NAVISTAR FINANCIAL CORP., Plaintiff
PINNACLE TRUCK SALES & CORPORATION, WEST END MOTOR COMPANY, INC., RAMON P. GRAPSY, JOAN MARIE GRAPSY, RAMON P. GRAPSY, III and DENISE GRAPSY, Defendants v. NAVISTAR INTERNATIONAL TRANSPORTATION CORPORATION n/k/a INTERNATIONAL TRUCK AND ENGINE CORPORATION, Third-Party Defendant.
The opinion of the court was delivered by: JOHN E. JONES, District Judge
THE BACKGROUND OF THIS ORDER IS AS FOLLOWS:
Pending before the Court is a motion to recuse the undersigned
judge ("the Motion") (doc. 112) filed by Third-Party Defendant
Navistar International Transportation Corp., n/k/a International Truck & Engine
Corporation ("International") on May 19, 2005.
In the Motion, International moves for recusal, asserting that
"impartiality might reasonably be questioned" due to a financial
arrangement between the undersigned and counsel for Defendant
West End Motor Company, Frederick Fanelli, Esquire, which
involved the referral of a single personal injury case to Mr.
Fanelli in exchange for a referral fee upon our joining the
federal bench. (See Int.'s Br. Supp. Mot. Recuse at
There are two statutory provisions that address recusal:
28 U.S.C. §§ 144 and 455. The two statutory provisions have been
deemed in pari materia so that the test for disqualification is
similar under both sections. See, e.g., United States v.
Gittman, 1989 U.S. Dist. LEXIS 9587, *6 (E.D. Pa. 1989); United
States v. Romano, 1988 U.S. Dist. LEXIS 12257, *4 (E.D. Pa.
1988). To warrant recusal under § 144, the motion and affidavit
must allege a factual basis for a finding of extrajudicial bias.
The judge must harbor actual bias against the litigant that is
not derived from the evidence or conduct of the parties which the
judge observes in the course of the proceedings. Johnson v.
Trueblood, 629 F.2d 287, 290-91 (3d Cir. 1980). Section 455, as
International submits, requires a judge to recuse himself in any
proceeding in which "his impartiality might reasonably be
questioned." 28 U.S.C. § 455(a). The Third Circuit Court of
Appeals has instructed that the above language has been
interpreted to mean that "a judge should recuse himself where a
reasonable man knowing all of the circumstances would harbor
doubts concerning the judge's impartiality." United States. v.
Dalfonso, 707 F.2d 757, 760 (3d Cir. 1983).

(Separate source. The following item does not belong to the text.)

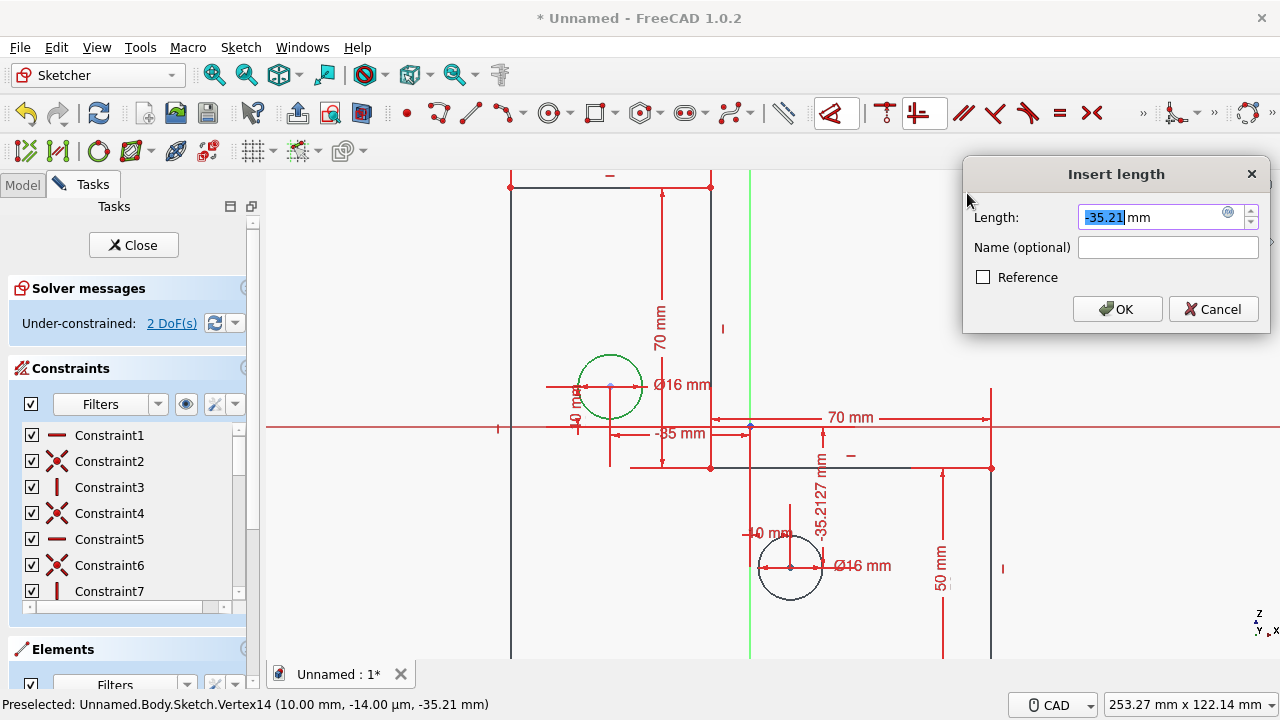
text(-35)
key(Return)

While the Court finds the logic and thrust of International's
Motion and accompanying brief to be somewhat dubious, we have by
reason of the referenced referral to Mr. Fanelli evidently given
International's counsel the impression that "impartiality might
reasonably be questioned," which raises at least an appearance of
bias in the case sub judice. Under the circumstances, we
believe it pointless to argue the finer points of recusal, and
will relinquish this file. NOW, THEREFORE, IT IS ORDERED THAT:
1. Third-Party ...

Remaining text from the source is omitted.